Exercise prompt: Looking at the listing below, retype exactly the lines starting at the one containing "<formula> <loc_0><loc_0><loc_500><loc_500>\Pi ^" and ending at the one containing "<formula> <loc_0><loc_0><loc_500><loc_500>\beta = 9", both included, and nothing else.
━━ Records for this exercise
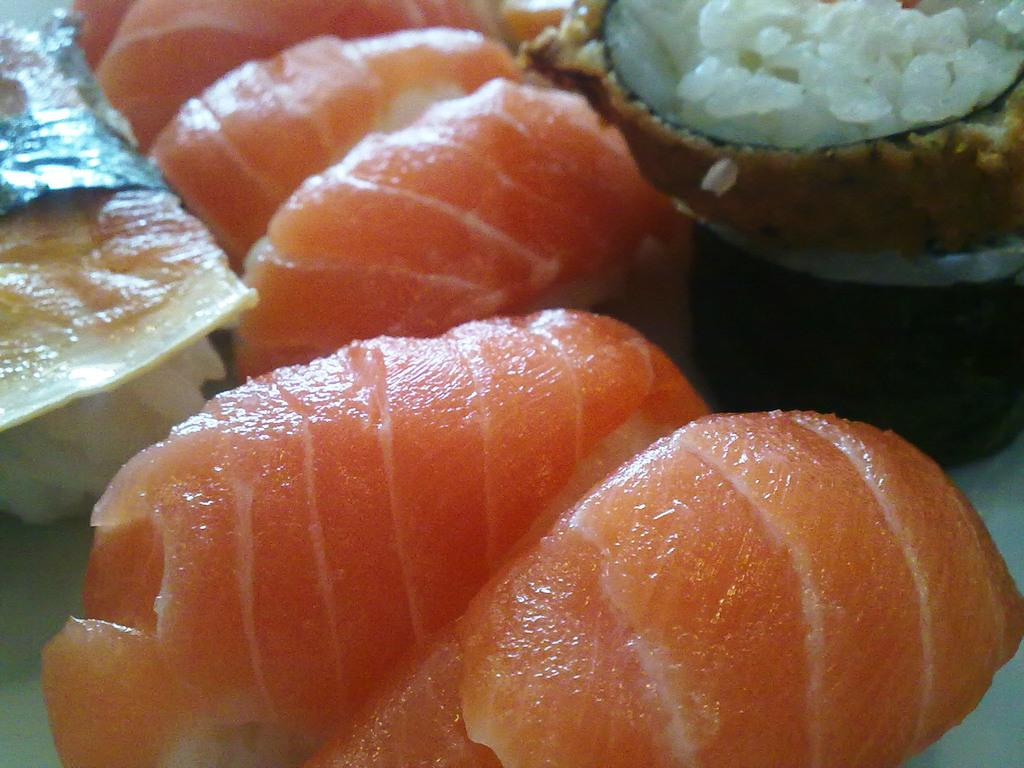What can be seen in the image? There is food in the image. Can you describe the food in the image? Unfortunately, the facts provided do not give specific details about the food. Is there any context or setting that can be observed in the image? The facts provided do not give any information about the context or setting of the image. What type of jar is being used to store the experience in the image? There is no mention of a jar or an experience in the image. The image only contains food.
━━━━
━━ Records for this exercise
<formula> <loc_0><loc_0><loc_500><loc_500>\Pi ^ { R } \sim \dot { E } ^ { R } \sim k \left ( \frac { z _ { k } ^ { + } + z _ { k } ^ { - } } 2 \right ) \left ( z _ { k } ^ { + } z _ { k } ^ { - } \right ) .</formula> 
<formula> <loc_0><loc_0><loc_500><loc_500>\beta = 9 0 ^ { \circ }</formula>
━━━━
━━ Records for this exercise
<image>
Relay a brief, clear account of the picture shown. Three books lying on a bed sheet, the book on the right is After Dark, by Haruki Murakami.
━━━━
Result below:
<formula> <loc_0><loc_0><loc_500><loc_500>\Pi ^ { R } \sim \dot { E } ^ { R } \sim k \left ( \frac { z _ { k } ^ { + } + z _ { k } ^ { - } } 2 \right ) \left ( z _ { k } ^ { + } z _ { k } ^ { - } \right ) .</formula> 
<formula> <loc_0><loc_0><loc_500><loc_500>\beta = 9 0 ^ { \circ }</formula>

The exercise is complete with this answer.